Stanton Wheeler Dies at 77
December 10, 2007 On Friday, very unexpectedly, Stanton Wheeler, The Ford Foundation Professor Emeritus of Law and Social Sciences, died. Stan joined Yale in 1968 and achieved a stellar reputation, among else, in the Sociology of Law, especially White Collar Crime, Adult Socialization, and the Sociology of Sports. From 1984 to 1991, he served as Member and Chair of the National Academy of Sciences on Law Enforcement and the Administration of Justice. In 1985, he served as the President of the Amateur Athletics Foundation of Los Angeles. He was a highly respected and truly beloved member of our department whom we will greatly miss. I have conveyed the condolences of all of us to his wife Marcia Chambers. Uli Mayer
Yale Law School Mourns Death of Professor Stanton Wheeler
Professor Immanuel Wallerstein Lecture: “Yesteryear: The Days of Glory of the African Liberation Movements” · December 7th, 2007
December 3, 2007 On Friday, December 7th, Yale University Library presents Professor Immanuel Wallerstein: “Yesteryear: The Days of Glory of the African Liberation Movements” (Sterling Memorial Library Lecture Hall, 128 Wall Street, 4 p.m.). This Lecture is Free and Open to the Public. Reception to Follow. Please enter the library via Wall Street. Presented in conjunction with the exhibit AMANDLA! Southern African Liberation Posters from the Collection of Immanuel Wallerstein. Memorabilia Room, Sterling Memorial Library. www.library.yale.edu
HAPPY HOLIDAYS! Department of Sociology Holiday Party · December 13th, 2007
November 8, 2007 Eat, Drink and Be Merry. You are cordially invited to the Department of Sociology Holiday Party on Thursday, December 13th, 5:00 – 7:00 PM, SOM Dining Hall (opposite Williams Hall). Family and friends invited. Be sure to bring your children. Please RSVP to: ann.fitzpatrick@yale.edu
CIQLE Workshop: Introduction to Causal Inference for Time-Varying Treatments · November 10, 2007
October 5, 2007 This one-day workshop provides a broad conceptual introduction to counterfactual causal inference for time-varying treatments as developed by Jamie Robins and colleagues in biostatistics. The workshop starts with a refresher lecture on the basics of the counterfactual approach (potential outcomes, fundamental problem of causal inference, experimental analogy, matching). Next, it introduces Judea Pearl’s directed acyclic graphs (DAG) as a powerful and remarkably intuitive tool for deriving non-parametric identification results for a wide range of causal questions. Finally, the workshop uses DAGs to explain the particular challenge of causal inference for time-varying treatments, the inadequacy of standard regression models, and intuition for one solution (marginal structural models and inverse probability of treatment weighting). For more details, visit the CIQLE Workshop page.

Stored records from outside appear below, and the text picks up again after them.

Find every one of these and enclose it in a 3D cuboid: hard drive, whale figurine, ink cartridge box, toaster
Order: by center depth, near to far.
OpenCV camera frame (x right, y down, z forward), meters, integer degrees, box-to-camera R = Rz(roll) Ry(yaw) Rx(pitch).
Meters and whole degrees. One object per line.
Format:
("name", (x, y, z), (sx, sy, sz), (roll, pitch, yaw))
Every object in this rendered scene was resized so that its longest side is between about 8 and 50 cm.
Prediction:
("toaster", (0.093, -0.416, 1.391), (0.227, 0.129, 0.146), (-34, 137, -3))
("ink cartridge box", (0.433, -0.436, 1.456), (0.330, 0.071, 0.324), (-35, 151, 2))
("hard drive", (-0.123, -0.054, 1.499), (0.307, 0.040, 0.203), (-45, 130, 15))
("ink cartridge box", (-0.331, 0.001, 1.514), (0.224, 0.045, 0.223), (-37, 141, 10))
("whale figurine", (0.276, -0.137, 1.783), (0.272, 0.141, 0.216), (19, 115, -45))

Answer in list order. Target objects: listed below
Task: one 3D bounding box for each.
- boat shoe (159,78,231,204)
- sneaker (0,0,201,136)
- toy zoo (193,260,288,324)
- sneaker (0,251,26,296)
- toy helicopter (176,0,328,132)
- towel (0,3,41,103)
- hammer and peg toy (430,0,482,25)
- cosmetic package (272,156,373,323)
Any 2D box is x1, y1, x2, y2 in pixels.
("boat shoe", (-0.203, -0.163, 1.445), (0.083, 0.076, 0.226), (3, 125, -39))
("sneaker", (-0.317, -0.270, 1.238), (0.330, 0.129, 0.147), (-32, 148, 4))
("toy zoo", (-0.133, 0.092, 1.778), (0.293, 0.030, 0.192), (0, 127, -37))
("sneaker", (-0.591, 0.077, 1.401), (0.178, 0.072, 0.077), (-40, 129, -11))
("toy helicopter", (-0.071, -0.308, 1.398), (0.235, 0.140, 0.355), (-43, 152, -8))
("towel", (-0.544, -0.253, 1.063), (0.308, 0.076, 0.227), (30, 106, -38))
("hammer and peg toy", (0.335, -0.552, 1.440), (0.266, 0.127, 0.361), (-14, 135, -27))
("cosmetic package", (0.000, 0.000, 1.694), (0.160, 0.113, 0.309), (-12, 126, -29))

Hollingshead Lecture: Hans Joas · November 2, 2007
September 12, 2007 On Friday, November 2, Hans Joas will deliver the Department's annual Hollingshead Lecture, with a talk entitled “Violence and Human Dignity: The Experience of Violence and the Genesis of Values” (HGS Room 211, 320 York Street, 5-6:30 p.m.). Professor Joas is Professor of Sociology and Social Thought at the University of Chicago, and Director of the Max Weber Center for Advanced Cultural and Social Studies at the University of Erfurt, Germany.
Department of Sociology Reception · September 23, 2007
September 12, 2007 On Sunday, September 23rd, 4:00-6:00pm, the Department of Sociology welcomes Professors Elijah Anderson and Richard Breen, the new graduate students, new staff, and our visitors to celebrate the beginning of the fall semester. Presidents' Room, Memorial Hall (corner of Grove and College). Spouses and Guests welcome. RSVP: 203-432-3320 or ann.fitzpatrick@yale.edu.
Elijah Anderson Joins Yale Sociology Faculty
July 1, 2007 Elijah Anderson joined the Department of Sociology in July, 2007. He is one of the nation’s most respected and influential sociologists in the field of black urban studies. Anderson is the author, among many other publications, of A Place on the Corner: A Study of Black Street Corner Men (1978; 2nd ed. 2002), Streetwise: Race, Class and Change in an Urban Community (1990) and The Code of the Street: Decency, Violence and the Moral Life of the Inner City (1999). He is currently working on a monograph on the black middle class. Before coming to Yale, Anderson was the Charles and William L. Day Distinguished Professor of the Social Sciences and Professor of Sociology at the University of Pennsylvania, where he first began teaching in 1975. Prior to his appointment at Penn, he taught at Swarthmore College. Among the awards and honors Anderson has received are the American Sociological Association’s Robert E. Park Award, the Lindback Award for Distinguished Teaching at the University of Pennsylvania and the 2000 Komarovsky Award. He was also named the Robin M. Williams, Jr., Distinguished Lecturer for 1999–2000 by the Eastern Sociological Association. He has served as Vice-President of the American Sociological Association. (See also: Philadelphia Inquirer story.)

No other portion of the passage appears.